喜風雖然總是按時的伺候阮緋顏,但是她總是感覺到她的敵意,好像隨着冷千翼的離開,她的敵意越來越明顯。
不過,她也沒往心裡去,以爲她是因爲擔心冷千翼纔會如此沒有心思服侍自己。
再說,她也不習慣什麼事都要人伺候着,也就由着她去。
昨日換下的衣服,喜風並沒有像冷千翼在時拿出去給她清洗,所以今日,她自己來到院中,打了桶井水,坐下來慢慢搓洗。
身後有腳步聲走近,她以爲是喜風,也沒回頭。
“這衣服怎麼是你在洗,喜風呢?”冷千翔想起冷千翼走時的託付,便來了碧籬苑。
沒想到一進院,就見到阮緋顏自己在洗衣服。這些
活不是有下人在做嗎?喜風這個丫頭,難道也知道偷懶了?
聽聲音,阮緋顏也知道是誰來了,站起身道,“二哥,只是件薄衣,我自己能洗,不用麻煩喜風了。”

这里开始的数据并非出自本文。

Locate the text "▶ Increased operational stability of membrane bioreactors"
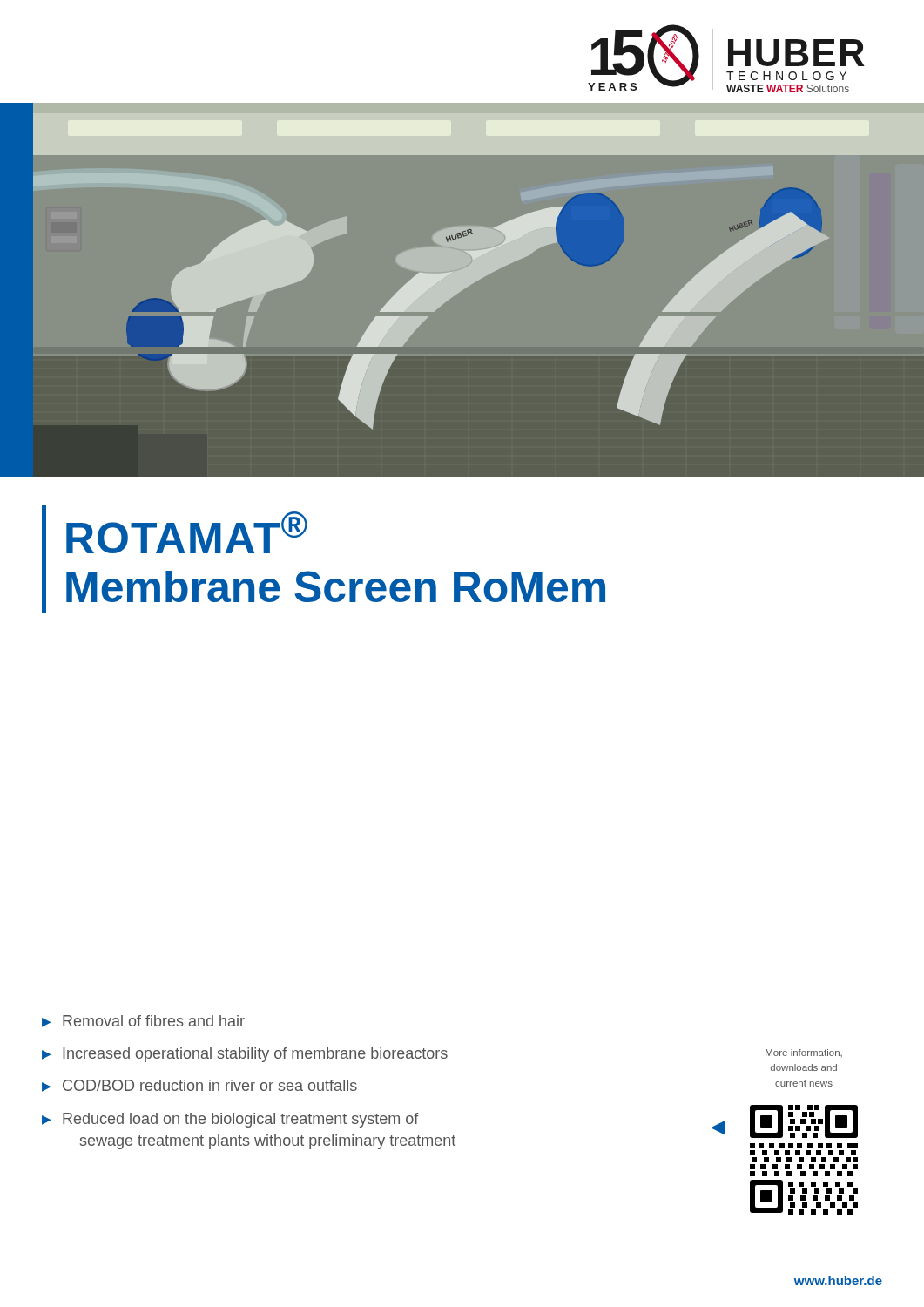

冷千翔的目光在她肚子上掃過,他一直沒想明白,爲什麼翼會喜歡上懷有身孕的阮緋顏。
可既然翼走時拜託了自己,他總要護她周全,她現在有了身孕,行動已經不便,自己更要替翼護着她。
“喜風。”他大聲喊道。
喜風一直躲到自己房裡,故意不出來。剛纔已經知道冷千翔來了,以爲他只是路過,沒想到他執意的要喊出自己,不由的對阮緋顏更加討厭,慢慢走到院中。
“二少爺。”她恭敬地行了主僕之禮。
“少主走之前,沒交待你要好好照顧小姐嗎?”冷千翔的語氣不悅,帶着嚴厲。常年的帶兵,已經讓他在自然中透出一股威嚴。
喜風心下一緊,急忙道,“奴婢剛纔只是小睡了一會,沒想到小姐自己會去洗衣服,是奴婢的錯。”
阮緋顏淡淡的冷笑,這個丫頭,這是在欺負自己不是她的主子呢!可是自己畢竟是寄住在這裡,還是不要和她一般見識好。
就算冷千翼在時,她也總感覺喜風有意無意的在擠兌她,言語上,或是其他一些微小的事情上,只要是冷千翼不在她身邊,都會給她這種感覺。
“二哥,我整天的呆着,也該活動活動筋骨。”她溫婉地笑着,眉心還是不留痕跡的蹙了一下。
這一下,恰好被冷千翔看到,知道她定是有所隱瞞。
冷千翔墨色的眸子漸冷,直覺告訴他,喜風有事瞞着大家,否則,以她服侍翼這麼久,怎麼會不把他喜歡的女子當主子。
“喜風,你跟我來。”他對阮緋顏淡然地點了下頭,當先出了碧籬院。